Whatever your station or birth, the three most important things in every persons' lives were kinship, social status and religion. Everyone needs food, shelter and companionship, though many deprive themselves of these for religious ends and thousands of peasants accept that they will starve to death each year. But once these simple needs are satisfied all must consider where they stand in relation to their kinfolk, their "betters" and "those beneath them" and most importantly of all, where they might stand when they come before God at judgment day... So, whatever else goes on your character sheet, have at least a brief answer to questions about these pillars of medieval identity. Still, there are those that Choose not to conform.

But first the caveat (or the first rule for looking at social interactions):

Lots of things might potentially count or be important to the matter at hand, what in fact is important only becomes "certain" (ie it's a "made up" thing) after the matter is resolved. Before that it is a kind of game or power play (often involving force) to see which elements count. After that, most involved have a stake (for one reason or another) in at least publicly accepting a version of events that legitimates what took place.... So just as there is no actual calculus to determine how kinship, social status and religion should be weighted in relation to one another, it's actually up in the air how, for instance, a legitimate female cousin's rights should be weighed against a much loved and useful bastard son. The three elements matter, how exactly they matter in any one case is open to contest.
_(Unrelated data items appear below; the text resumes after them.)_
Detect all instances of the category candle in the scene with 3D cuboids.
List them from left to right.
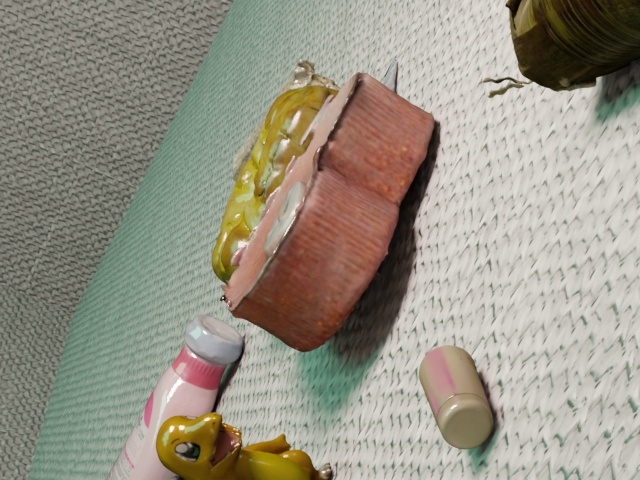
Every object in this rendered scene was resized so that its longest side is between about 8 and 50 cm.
[{"bbox_3d":[0.000,0.000,1.612,0.287,0.131,0.317,-48,13,45],"label":"candle"}]

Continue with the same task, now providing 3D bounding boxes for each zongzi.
[{"bbox_3d":[0.212,-0.241,1.134,0.248,0.111,0.241,149,127,-70],"label":"zongzi"}]

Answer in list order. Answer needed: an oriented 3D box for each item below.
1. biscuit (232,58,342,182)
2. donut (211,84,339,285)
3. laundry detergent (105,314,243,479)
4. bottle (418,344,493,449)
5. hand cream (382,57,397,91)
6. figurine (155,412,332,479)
[{"bbox_3d":[-0.028,-0.134,2.006,0.239,0.108,0.061,128,158,-49],"label":"biscuit"},{"bbox_3d":[-0.030,-0.055,1.831,0.261,0.128,0.208,-66,12,3],"label":"donut"},{"bbox_3d":[-0.207,0.257,2.098,0.335,0.088,0.159,-62,13,15],"label":"laundry detergent"},{"bbox_3d":[0.103,0.118,1.173,0.045,0.045,0.096,-63,15,17],"label":"bottle"},{"bbox_3d":[0.082,-0.186,1.870,0.030,0.019,0.093,-61,7,32],"label":"hand cream"},{"bbox_3d":[-0.085,0.223,1.440,0.122,0.176,0.121,-36,27,34],"label":"figurine"}]

The caveat needs to be considered in light of the "zeroeth" rule for looking at social interactions, watch what the do, not what they say about it.The Caveat cuts both ways, when trying to influence individuals, you should work to maximise uncertainty (say by giving them some reason to believe that others, possibly their superiors or kin, may take an interest in what happens) to create opportunities for outcomes which that individual might not have otherwise countenanced. then it's just strategy, try and make considerations that favour you matter the most in the interaction.